CIV. 1
CF
COUR DE CASSATION
______________________
Audience publique du 29 septembre 2021
Rejet non spécialement motivé
Mme AUROY, conseiller doyen faisant fonction de président
Décision n° 10674 F
Pourvoi n° M 19-19.222
R É P U B L I Q U E F R A N Ç A I S E
_________________________
AU NOM DU PEUPLE FRANÇAIS
_________________________
DÉCISION DE LA COUR DE CASSATION, PREMIÈRE CHAMBRE CIVILE, DU 29 SEPTEMBRE 2021
Mme [P] [Z], domiciliée [Adresse 4], a formé le pourvoi n° M 19-19.222 contre l'arrêt n° RG : 17/00438 rendu le 22 mai 2019 par la cour d'appel de Bastia (chambre civile, section 1), dans le litige l'opposant :
1°/ à M. [F] [Z], domicilié [Adresse 1],
2°/ à Mme [S] [Z], épouse [U], domiciliée [Adresse 2],
défendeurs à la cassation.
Le dossier a été communiqué au procureur général.
Sur le rapport de Mme Mouty-Tardieu, conseiller référendaire, les observations écrites de la SCP Foussard et Froger, avocat de Mme [P] [Z], de la SCP Yves et Blaise Capron, avocat de M. [Z], de la SCP Spinosi, avocat de Mme [S] [Z], après débats en l'audience publique du 22 juin 2021 où étaient présents Mme Auroy, conseiller doyen faisant fonction de président, Mme Mouty-Tardieu, conseiller référendaire rapporteur, M. Hascher, conseiller, et Mme Berthomier, greffier de chambre,
la première chambre civile de la Cour de cassation, composée des président et conseillers précités, après en avoir délibéré conformément à la loi, a rendu la présente décision.

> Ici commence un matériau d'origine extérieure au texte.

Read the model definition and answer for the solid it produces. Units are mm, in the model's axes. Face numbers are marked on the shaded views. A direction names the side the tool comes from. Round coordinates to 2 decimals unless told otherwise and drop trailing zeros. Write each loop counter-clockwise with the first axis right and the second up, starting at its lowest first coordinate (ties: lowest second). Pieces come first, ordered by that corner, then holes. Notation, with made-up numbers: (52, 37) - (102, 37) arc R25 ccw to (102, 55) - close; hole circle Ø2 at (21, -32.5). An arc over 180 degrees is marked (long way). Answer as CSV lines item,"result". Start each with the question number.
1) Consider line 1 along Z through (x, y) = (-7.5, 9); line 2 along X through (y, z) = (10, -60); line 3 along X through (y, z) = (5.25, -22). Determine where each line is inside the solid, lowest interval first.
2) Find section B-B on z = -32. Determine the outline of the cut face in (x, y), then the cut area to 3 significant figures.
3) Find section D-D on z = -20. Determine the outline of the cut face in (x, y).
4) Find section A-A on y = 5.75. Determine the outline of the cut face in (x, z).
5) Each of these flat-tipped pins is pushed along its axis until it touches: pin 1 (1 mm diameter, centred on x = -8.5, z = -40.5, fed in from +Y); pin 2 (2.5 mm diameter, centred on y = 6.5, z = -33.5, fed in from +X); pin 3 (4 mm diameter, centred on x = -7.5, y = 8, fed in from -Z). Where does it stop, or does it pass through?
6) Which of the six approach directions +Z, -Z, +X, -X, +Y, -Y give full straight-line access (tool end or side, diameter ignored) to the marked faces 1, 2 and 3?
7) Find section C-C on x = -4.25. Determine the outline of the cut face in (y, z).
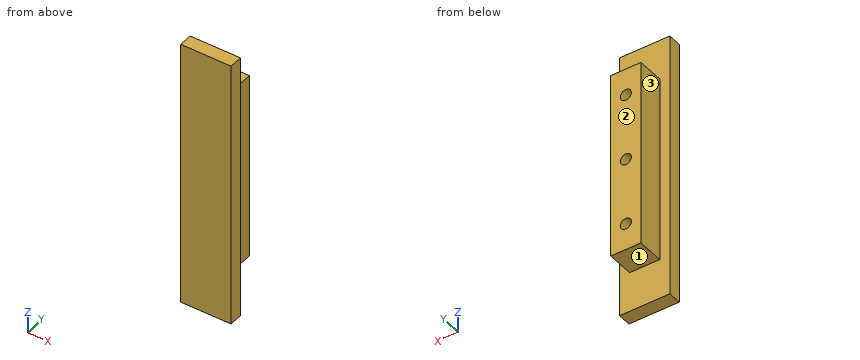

1. Le moyen de cassation annexé, qui est invoqué à l'encontre de la décision attaquée, n'est manifestement pas de nature à entraîner la cassation.
2. En application de l'article 1014, alinéa 1er, du code de procédure civile, il n'y a donc pas lieu de statuer par une décision spécialement motivée sur ce pourvoi.
EN CONSÉQUENCE, la Cour :
REJETTE le pourvoi ;
Condamne Mme [P] [Z] aux dépens ;
En application de l'article 700 du code de procédure civile, rejette les demandes ;
Ainsi décidé par la Cour de cassation, première chambre civile, et signé par M. Hascher, conseiller, conformément aux dispositions des articles 456 et 1021 du code de procédure civile, en remplacement du conseiller empêché, et signé et prononcé par le président en son audience publique du vingt-neuf septembre deux mille vingt et un.
MOYEN ANNEXE à la présente décision
Moyen produit par la SCP Foussard et Froger, avocat aux Conseils, pour Mme [P] [Z]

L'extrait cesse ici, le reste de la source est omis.